A Careful Examination of Large Language Model Performance on Grade School Arithmetic (2405.00332v4)

Published 1 May 2024 in cs.CL, cs.AI, and cs.LG

Abstract: LLMs have achieved impressive success on many benchmarks for mathematical reasoning. However, there is growing concern that some of this performance actually reflects dataset contamination, where data closely resembling benchmark questions leaks into the training data, instead of true reasoning ability. To investigate this claim rigorously, we commission Grade School Math 1000 (GSM1k). GSM1k is designed to mirror the style and complexity of the established GSM8k benchmark, the gold standard for measuring elementary mathematical reasoning. We ensure that the two benchmarks are comparable across important metrics such as human solve rates, number of steps in solution, answer magnitude, and more. When evaluating leading open- and closed-source LLMs on GSM1k, we observe accuracy drops of up to 8%, with several families of models showing evidence of systematic overfitting across almost all model sizes. Further analysis suggests a positive relationship (Spearman's r² = 0.36) between a model's probability of generating an example from GSM8k and its performance gap between GSM8k and GSM1k, suggesting that some models may have partially memorized GSM8k. Nevertheless, many models, especially those on the frontier, show minimal signs of overfitting, and all models broadly demonstrate generalization to novel math problems guaranteed to not be in their training data.

PDF HTML Abstract

Understanding Overfitting in LLMs through the GSM1k Benchmark

Introduction

The creation of the GSM1k benchmark seeks to address significant concerns in the AI research community regarding the genuine capabilities of LLMs. These concerns primarily revolve around whether the impressive performance of these models on existing mathematical benchmarks stems from actual reasoning or merely replicating answers from contaminated datasets. Let's dive deeper into what was uncovered.

Unveiling GSM1k: A New Benchmark

GSM1k serves as a fresh set of grade-school level mathematical problems, designed to parallel the well-known GSM8k benchmark in style and complexity yet created without using any LLMs to avoid data duplication. It comprises 1250 carefully crafted problems meant to evaluate the real reasoning capabilities of various LLMs.

Model Evaluation: The paper tested both open-source and proprietary models on GSM1k, including well-known ones like GPT-4, Gemini, and Claude, among others.
Key Findings: There were notable drops in accuracy, up to 13%, particularly in models like the Phi and Mistral families, indicating possible overfitting when compared to performances on GSM8k.
Contrasting Performances: While some model families exhibited signs of overfitting, leading-edge models (e.g., Gemini/GPT/Claude) showed minimal to none, suggesting more robust generalization capabilities.

The Indicator of Overfitting

The research pinpointed a significant indicator of overfitting through a statistical analysis technique:

Probability Relationship: There is a positive correlation indicated by Spearman's $r^2=0.32$ between a model's likelihood of regenerating examples from GSM8k and its variance in performance on GSM1k compared to GSM8k.
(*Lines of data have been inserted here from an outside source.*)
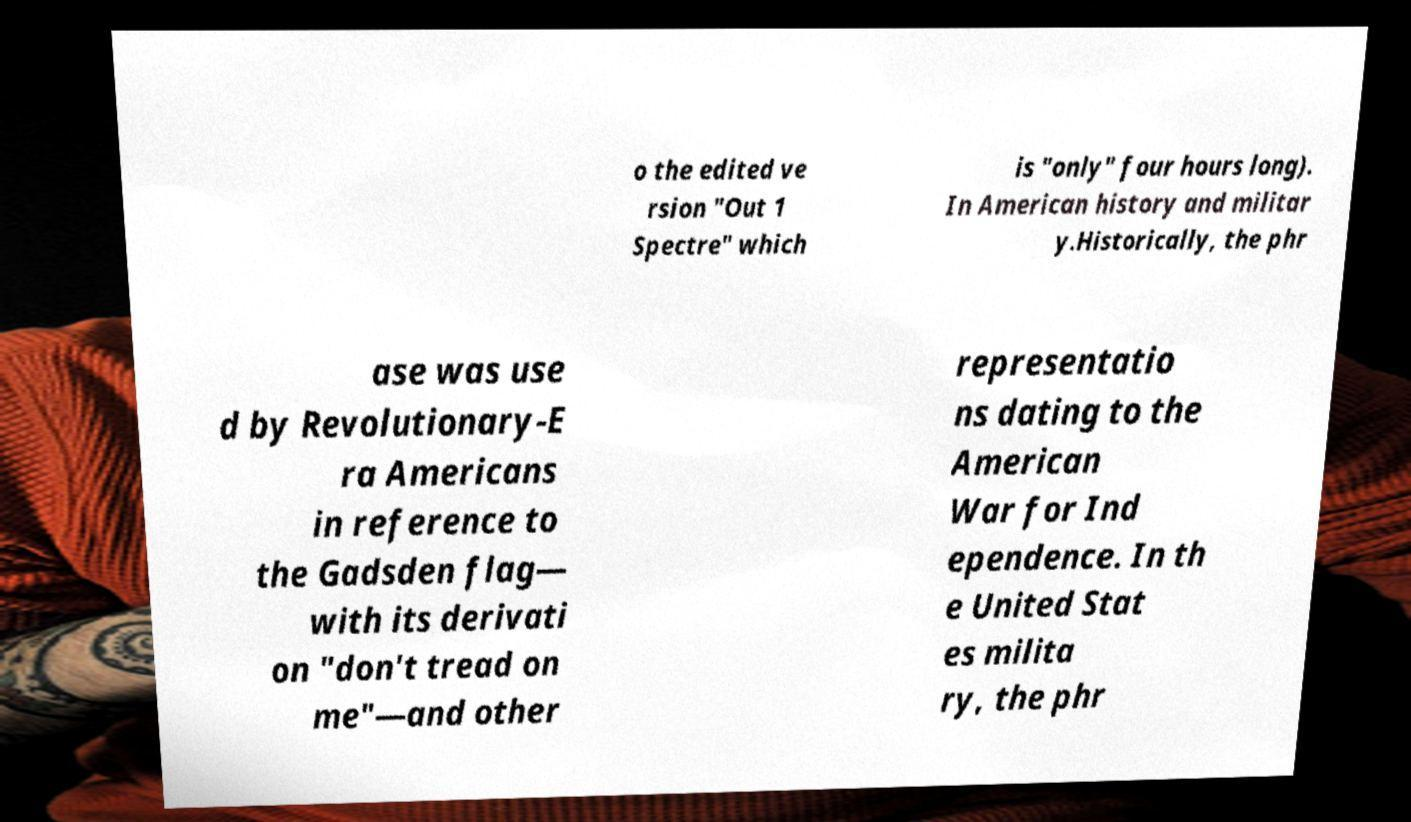Could you assist in decoding the text presented in this image and type it out clearly? o the edited ve rsion "Out 1 Spectre" which is "only" four hours long). In American history and militar y.Historically, the phr ase was use d by Revolutionary-E ra Americans in reference to the Gadsden flag— with its derivati on "don't tread on me"—and other representatio ns dating to the American War for Ind ependence. In th e United Stat es milita ry, the phr 
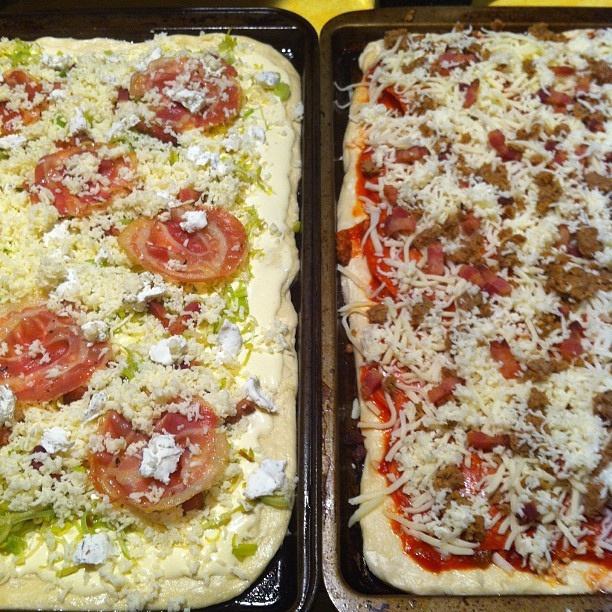Describe the objects in this image and their specific colors. I can see pizza in black, khaki, beige, tan, and brown tones and pizza in black, darkgray, and tan tones in this image. 
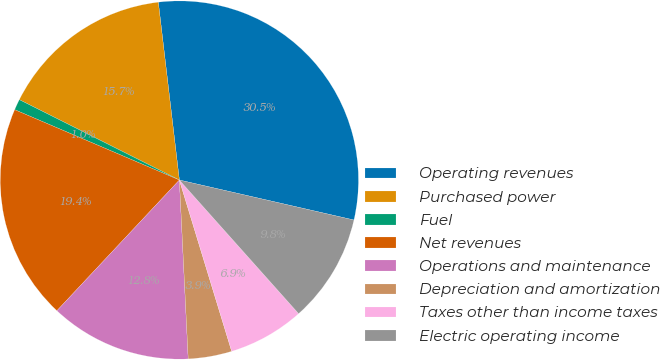Convert chart to OTSL. <chart><loc_0><loc_0><loc_500><loc_500><pie_chart><fcel>Operating revenues<fcel>Purchased power<fcel>Fuel<fcel>Net revenues<fcel>Operations and maintenance<fcel>Depreciation and amortization<fcel>Taxes other than income taxes<fcel>Electric operating income<nl><fcel>30.46%<fcel>15.72%<fcel>0.98%<fcel>19.44%<fcel>12.77%<fcel>3.93%<fcel>6.88%<fcel>9.82%<nl></chart> 
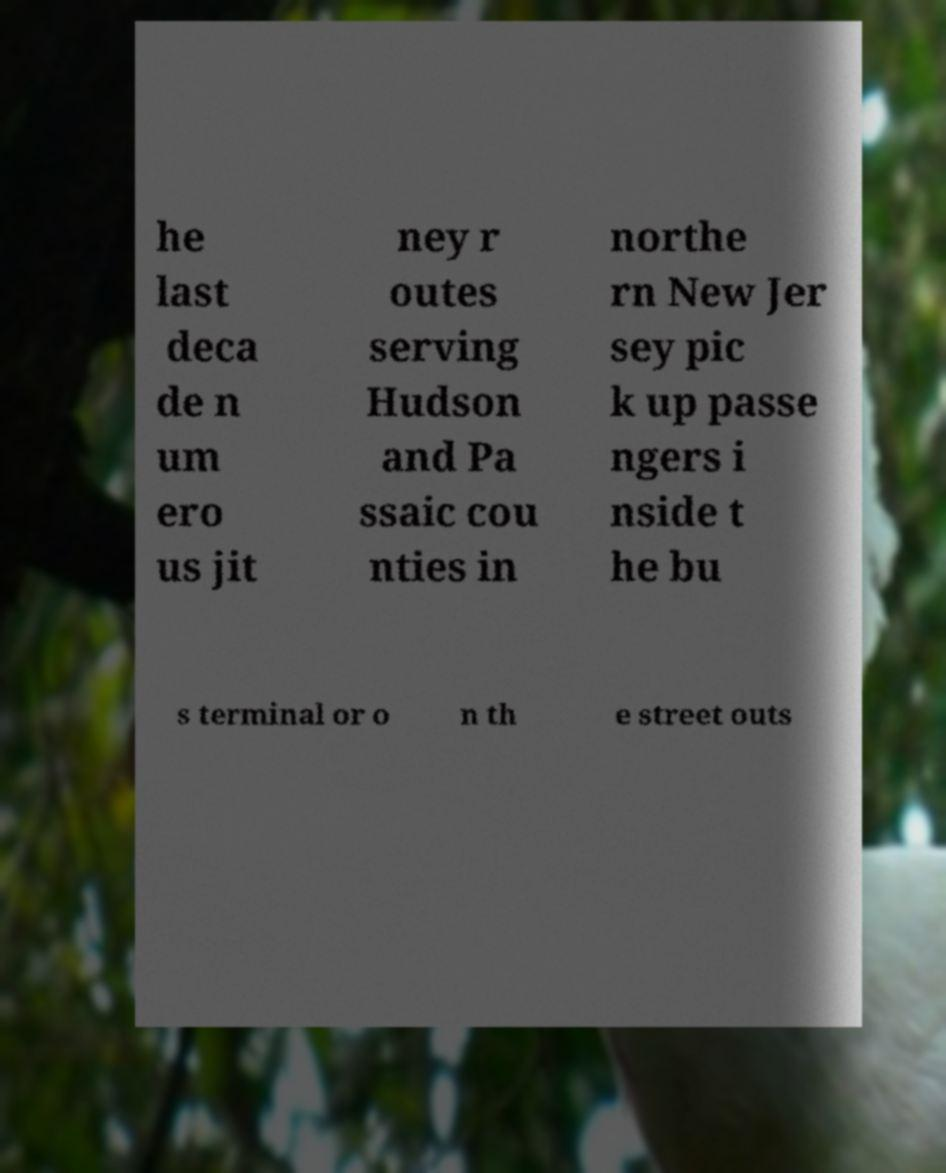Can you read and provide the text displayed in the image?This photo seems to have some interesting text. Can you extract and type it out for me? he last deca de n um ero us jit ney r outes serving Hudson and Pa ssaic cou nties in northe rn New Jer sey pic k up passe ngers i nside t he bu s terminal or o n th e street outs 
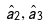<formula> <loc_0><loc_0><loc_500><loc_500>\hat { a } _ { 2 } , \hat { a } _ { 3 }</formula> 
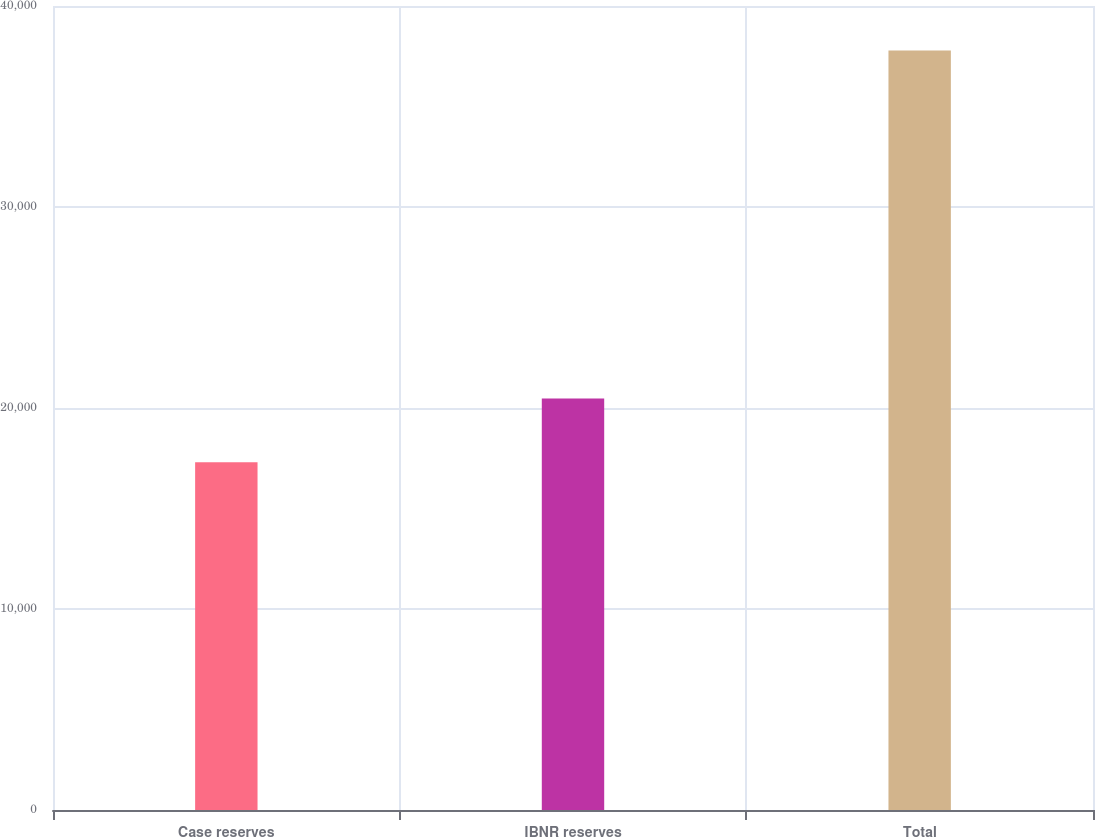<chart> <loc_0><loc_0><loc_500><loc_500><bar_chart><fcel>Case reserves<fcel>IBNR reserves<fcel>Total<nl><fcel>17307<fcel>20476<fcel>37783<nl></chart>

This suggests a partial memorization of GSM8k within many models, a sign of overfitting.

Implications and Future Predictions

Practical Implications: Recognizing overfit models and understanding their limitations can lead to more honest assessments of LLM capabilities and guide more efficient use of resources in model training and development.
Theoretical Advances: These findings push the understanding of "generalization" within AI, prompting more rigorous testing environments that better measure true model capability beyond memorized data.
Future of AI Benchmarks: The paper proposes a not-yet-public release of GSM1k to avoid further contamination. The future could see similar controlled releases guiding the development of more challenging and contamination-free benchmarks.

Model Capabilities Beyond Overfitting

Interestingly, the paper also highlights an essential nuance in the debate on AI's reasoning abilities:

Generalization Skills: Despite reductions in performance metrics due to potential overfitting, models like Phi and Mistral still perform significantly well on GSM1k, suggesting they retain a strong capability to generalize beyond memorized data.

In conclusion, while the research from GSM1k brings to light the serious issue of overfitting in evaluating LLMs, it also presents a complex but hopeful view of the potential for these models to develop genuine reasoning abilities. The trajectory for future research and development, spurred by findings like these, likely holds both enhanced model training methods and more robust benchmarking tools that can accurately measure and foster true AI capabilities.